In [1]:
%load_ext autoreload
%autoreload 2

In [2]:
import torch

import anndata as ad
import numpy as np
import pandas as pd

from rich import print


from sklearn.neighbors import NearestNeighbors


import scvi

In [3]:
!ls /home/nathanlevy/Data/

adata_MERFISH_24w.h5ad	adata_scvi_merfish4w.h5ad


In [4]:
data_dir = "/home/nathanlevy/Data/"
file = "adata_scvi_merfish4w.h5ad"

In [5]:
adata = ad.read_h5ad(data_dir + file)
print(adata)

## First train scVI

In [26]:
scvi.model.SCVI.setup_anndata(
    adata,
    layer="counts",
    batch_key="donor_id",
)


vae = scvi.model.SCVI(
    adata,
    gene_likelihood="poisson",
    n_layers=1,
    n_latent=10,
)

vae.train(
    max_epochs=2,
    train_size=0.8,
    validation_size=0.2,
    plan_kwargs=dict(n_epochs_kl_warmup=80),
    early_stopping=False,
)

GPU available: True (cuda), used: True
TPU available: False, using: 0 TPU cores
IPU available: False, using: 0 IPUs
HPU available: False, using: 0 HPUs
You are using a CUDA device ('NVIDIA GeForce RTX 3090') that has Tensor Cores. To properly utilize them, you should set `torch.set_float32_matmul_precision('medium' | 'high')` which will trade-off precision for performance. For more details, read https://pytorch.org/docs/stable/generated/torch.set_float32_matmul_precision.html#torch.set_float32_matmul_precision
LOCAL_RANK: 0 - CUDA_VISIBLE_DEVICES: [0]
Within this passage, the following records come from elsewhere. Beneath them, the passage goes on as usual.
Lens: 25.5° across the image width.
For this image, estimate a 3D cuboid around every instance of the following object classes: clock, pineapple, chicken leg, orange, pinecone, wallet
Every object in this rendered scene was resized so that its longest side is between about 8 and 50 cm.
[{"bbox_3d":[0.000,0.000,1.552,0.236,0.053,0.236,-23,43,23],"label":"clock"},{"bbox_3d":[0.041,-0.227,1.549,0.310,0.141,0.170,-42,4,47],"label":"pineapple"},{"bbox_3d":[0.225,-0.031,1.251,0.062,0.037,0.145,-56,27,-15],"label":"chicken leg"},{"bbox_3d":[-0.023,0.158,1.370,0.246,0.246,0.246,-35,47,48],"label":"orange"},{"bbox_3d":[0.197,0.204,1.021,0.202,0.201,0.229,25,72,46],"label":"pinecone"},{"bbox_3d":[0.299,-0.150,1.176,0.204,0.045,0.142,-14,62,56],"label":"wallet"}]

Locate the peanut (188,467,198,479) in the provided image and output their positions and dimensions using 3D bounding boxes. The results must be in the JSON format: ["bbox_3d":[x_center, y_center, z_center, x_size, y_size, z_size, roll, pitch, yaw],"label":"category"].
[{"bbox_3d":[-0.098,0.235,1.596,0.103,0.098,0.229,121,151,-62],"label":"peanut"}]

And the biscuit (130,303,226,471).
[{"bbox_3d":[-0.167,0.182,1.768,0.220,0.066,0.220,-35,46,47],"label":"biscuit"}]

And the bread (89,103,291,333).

Epoch 2/2: 100%|████████████████████████████████████████████████████████████████████████████████████████████████████████████████████████████████████████████████████████████████████████████████████████████████████| 2/2 [00:08<00:00,  4.31s/it, v_num=1, train_loss_step=181, train_loss_epoch=180]

`Trainer.fit` stopped: `max_epochs=2` reached.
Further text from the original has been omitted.